Your instructions — Your answer must be one number: the count of lines below that hold the word "TODO".

Source material —
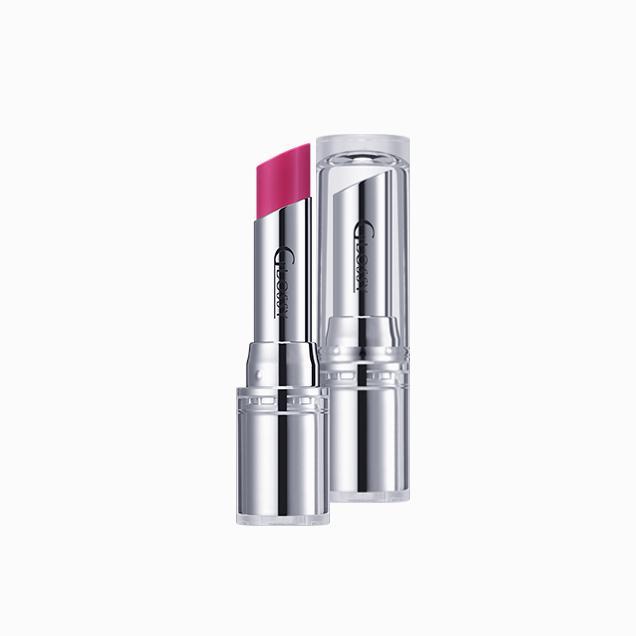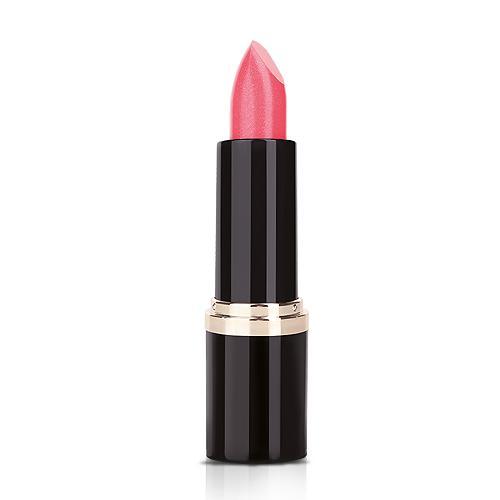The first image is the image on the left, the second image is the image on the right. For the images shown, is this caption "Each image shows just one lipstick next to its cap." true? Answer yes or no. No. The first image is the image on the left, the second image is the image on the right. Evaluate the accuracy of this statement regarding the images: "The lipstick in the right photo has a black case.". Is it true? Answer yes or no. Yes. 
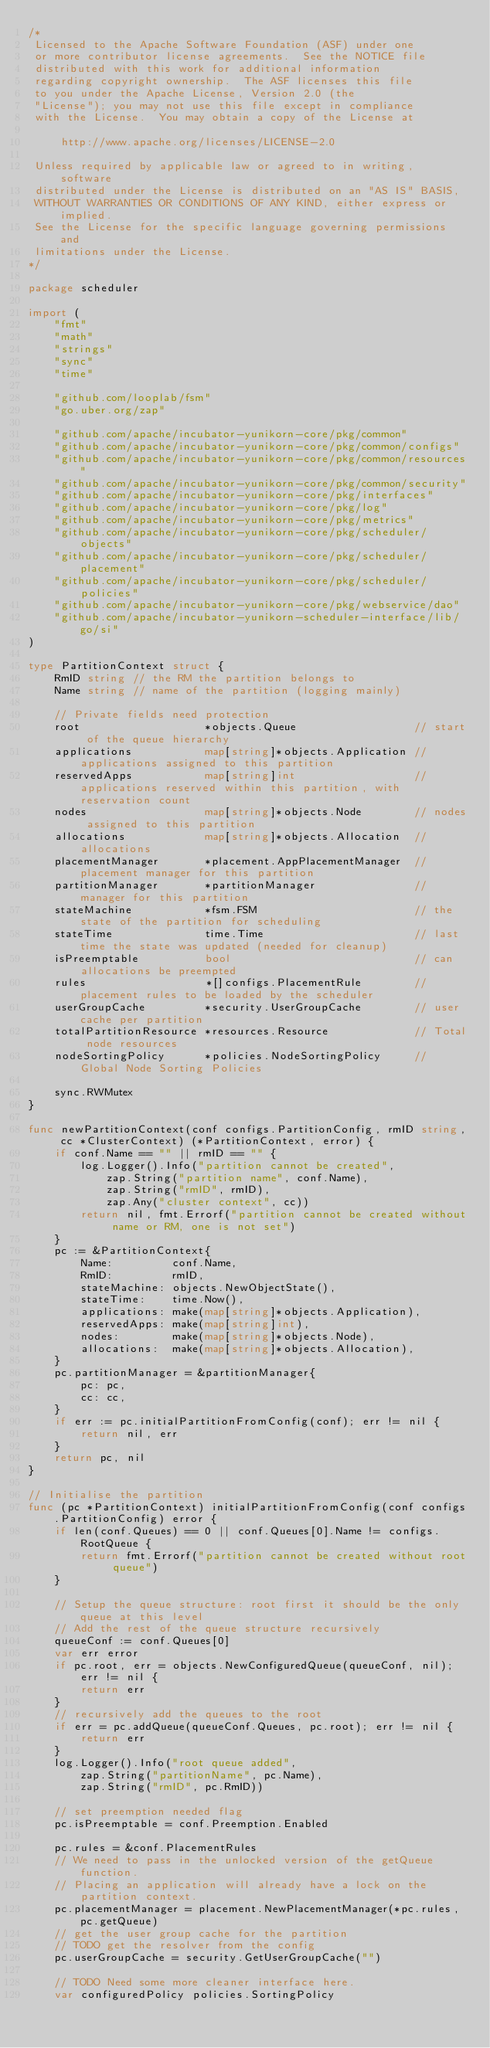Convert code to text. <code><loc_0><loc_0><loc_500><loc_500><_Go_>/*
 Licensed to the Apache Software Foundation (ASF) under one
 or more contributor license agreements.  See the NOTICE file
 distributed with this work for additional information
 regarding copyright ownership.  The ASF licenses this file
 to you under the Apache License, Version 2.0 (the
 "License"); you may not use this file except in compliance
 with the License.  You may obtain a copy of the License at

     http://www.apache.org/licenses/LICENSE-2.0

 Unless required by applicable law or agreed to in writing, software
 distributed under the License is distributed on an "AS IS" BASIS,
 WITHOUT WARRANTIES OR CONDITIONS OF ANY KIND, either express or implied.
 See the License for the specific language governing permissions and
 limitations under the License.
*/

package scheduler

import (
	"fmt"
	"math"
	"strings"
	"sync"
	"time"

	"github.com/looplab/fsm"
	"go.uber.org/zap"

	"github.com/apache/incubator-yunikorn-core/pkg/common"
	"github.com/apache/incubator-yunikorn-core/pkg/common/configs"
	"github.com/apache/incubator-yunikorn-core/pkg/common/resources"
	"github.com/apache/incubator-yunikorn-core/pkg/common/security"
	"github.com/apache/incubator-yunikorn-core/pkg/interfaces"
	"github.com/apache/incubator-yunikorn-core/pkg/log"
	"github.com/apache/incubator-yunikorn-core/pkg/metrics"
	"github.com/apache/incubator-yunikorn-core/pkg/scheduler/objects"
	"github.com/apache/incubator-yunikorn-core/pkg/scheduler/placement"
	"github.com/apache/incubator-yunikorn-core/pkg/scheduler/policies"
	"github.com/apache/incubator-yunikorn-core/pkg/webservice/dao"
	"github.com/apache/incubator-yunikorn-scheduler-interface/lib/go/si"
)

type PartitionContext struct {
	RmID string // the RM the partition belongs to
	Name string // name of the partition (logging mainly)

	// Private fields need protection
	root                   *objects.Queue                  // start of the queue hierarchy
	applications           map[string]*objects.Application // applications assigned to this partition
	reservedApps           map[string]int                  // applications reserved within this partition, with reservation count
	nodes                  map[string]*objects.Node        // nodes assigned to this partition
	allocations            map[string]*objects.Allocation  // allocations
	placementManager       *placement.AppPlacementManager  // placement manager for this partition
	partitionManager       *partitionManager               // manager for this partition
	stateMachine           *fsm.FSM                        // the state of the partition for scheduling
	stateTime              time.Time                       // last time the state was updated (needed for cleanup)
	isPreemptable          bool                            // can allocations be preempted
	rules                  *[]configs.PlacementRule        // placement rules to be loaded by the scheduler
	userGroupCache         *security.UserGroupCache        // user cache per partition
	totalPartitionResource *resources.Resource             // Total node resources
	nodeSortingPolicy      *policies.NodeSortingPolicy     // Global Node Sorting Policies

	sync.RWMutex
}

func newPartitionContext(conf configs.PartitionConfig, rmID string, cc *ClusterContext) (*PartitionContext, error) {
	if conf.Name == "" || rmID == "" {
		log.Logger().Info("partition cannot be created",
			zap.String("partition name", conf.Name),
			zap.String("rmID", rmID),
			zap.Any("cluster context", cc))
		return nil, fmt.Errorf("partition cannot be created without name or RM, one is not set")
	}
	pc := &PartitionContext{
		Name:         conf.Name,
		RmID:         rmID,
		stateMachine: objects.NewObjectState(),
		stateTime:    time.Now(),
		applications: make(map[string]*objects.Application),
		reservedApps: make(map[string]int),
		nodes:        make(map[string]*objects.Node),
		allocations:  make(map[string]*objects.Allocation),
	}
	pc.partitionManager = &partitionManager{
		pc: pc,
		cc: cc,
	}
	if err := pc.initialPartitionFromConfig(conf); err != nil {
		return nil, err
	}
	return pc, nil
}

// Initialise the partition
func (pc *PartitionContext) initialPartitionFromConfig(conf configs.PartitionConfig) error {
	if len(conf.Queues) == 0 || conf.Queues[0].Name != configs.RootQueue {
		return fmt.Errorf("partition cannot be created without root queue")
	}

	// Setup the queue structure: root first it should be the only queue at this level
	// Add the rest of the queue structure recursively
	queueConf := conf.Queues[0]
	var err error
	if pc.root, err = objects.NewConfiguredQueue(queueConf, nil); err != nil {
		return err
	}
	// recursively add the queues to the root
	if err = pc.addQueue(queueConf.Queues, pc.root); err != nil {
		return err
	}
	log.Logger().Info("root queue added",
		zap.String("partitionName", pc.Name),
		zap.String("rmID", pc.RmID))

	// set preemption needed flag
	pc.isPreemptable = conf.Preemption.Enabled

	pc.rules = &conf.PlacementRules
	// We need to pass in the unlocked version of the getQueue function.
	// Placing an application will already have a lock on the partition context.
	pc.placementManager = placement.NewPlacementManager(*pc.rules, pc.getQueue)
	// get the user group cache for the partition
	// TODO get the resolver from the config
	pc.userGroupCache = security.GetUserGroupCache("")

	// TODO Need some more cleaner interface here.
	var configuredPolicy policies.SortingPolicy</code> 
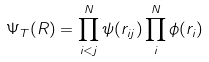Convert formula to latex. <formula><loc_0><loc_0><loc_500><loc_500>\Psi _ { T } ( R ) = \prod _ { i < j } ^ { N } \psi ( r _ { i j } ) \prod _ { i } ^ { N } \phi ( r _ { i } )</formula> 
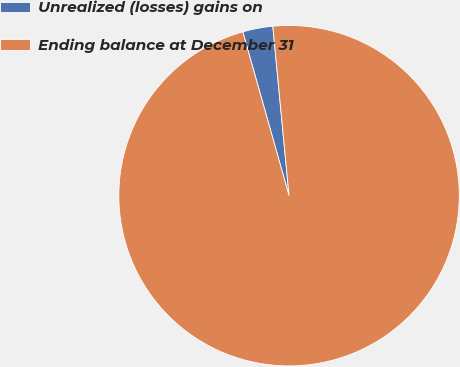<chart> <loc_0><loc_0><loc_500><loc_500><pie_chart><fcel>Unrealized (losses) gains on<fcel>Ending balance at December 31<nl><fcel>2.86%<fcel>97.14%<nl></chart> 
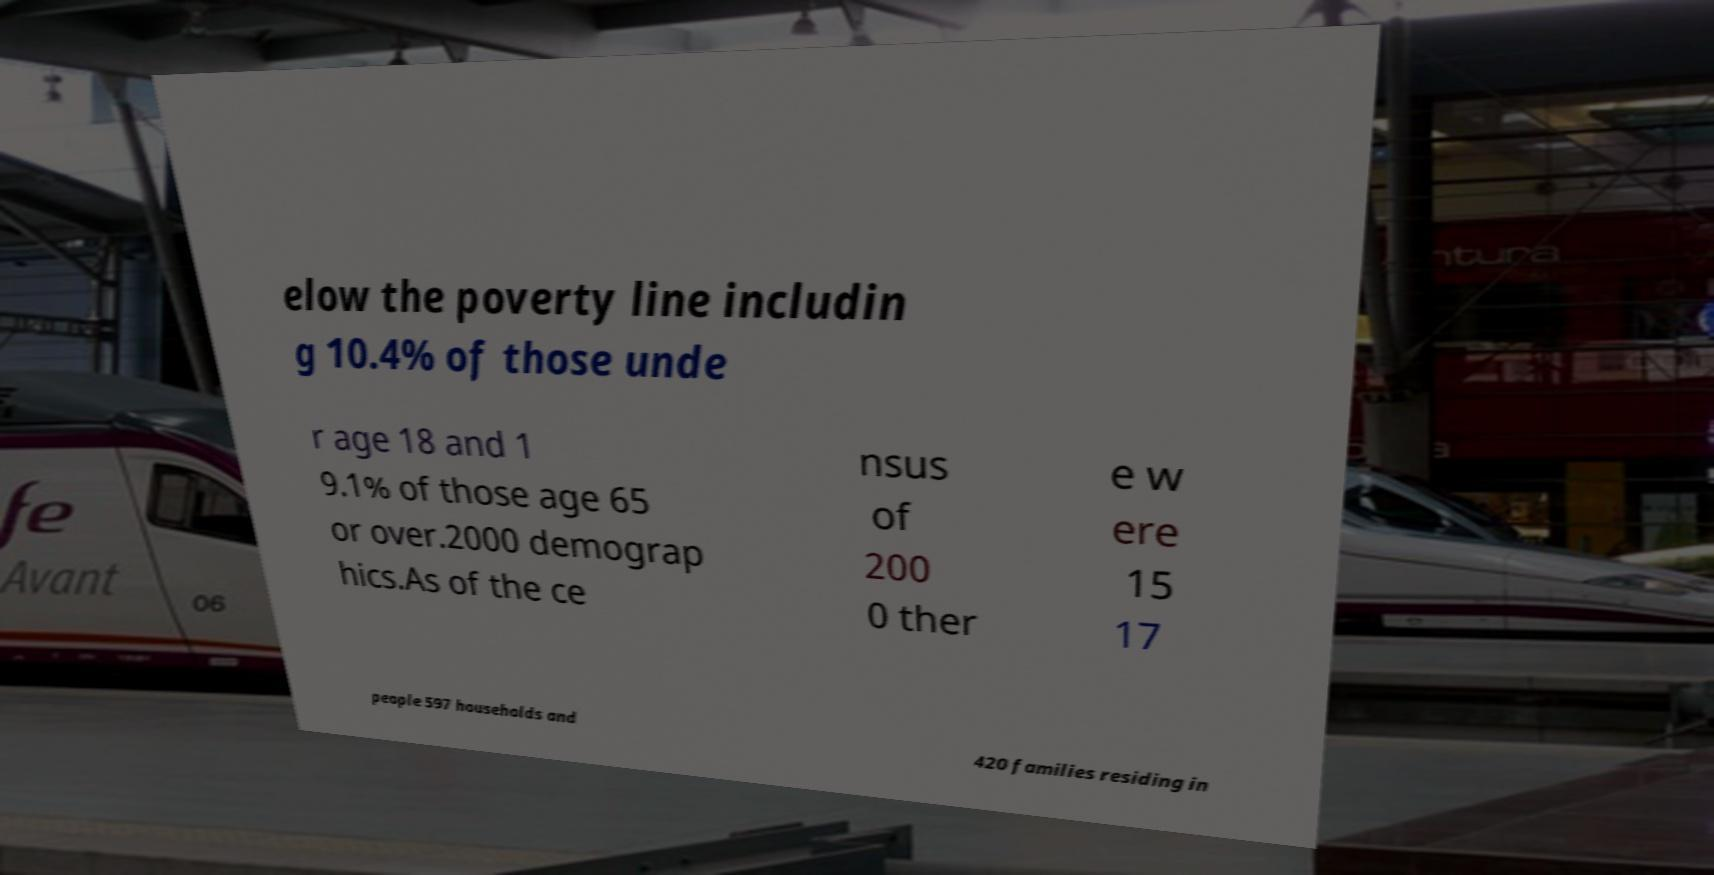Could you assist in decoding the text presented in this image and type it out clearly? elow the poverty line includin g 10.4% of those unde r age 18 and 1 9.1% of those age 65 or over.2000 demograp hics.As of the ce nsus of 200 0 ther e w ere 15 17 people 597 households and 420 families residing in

Response area — 2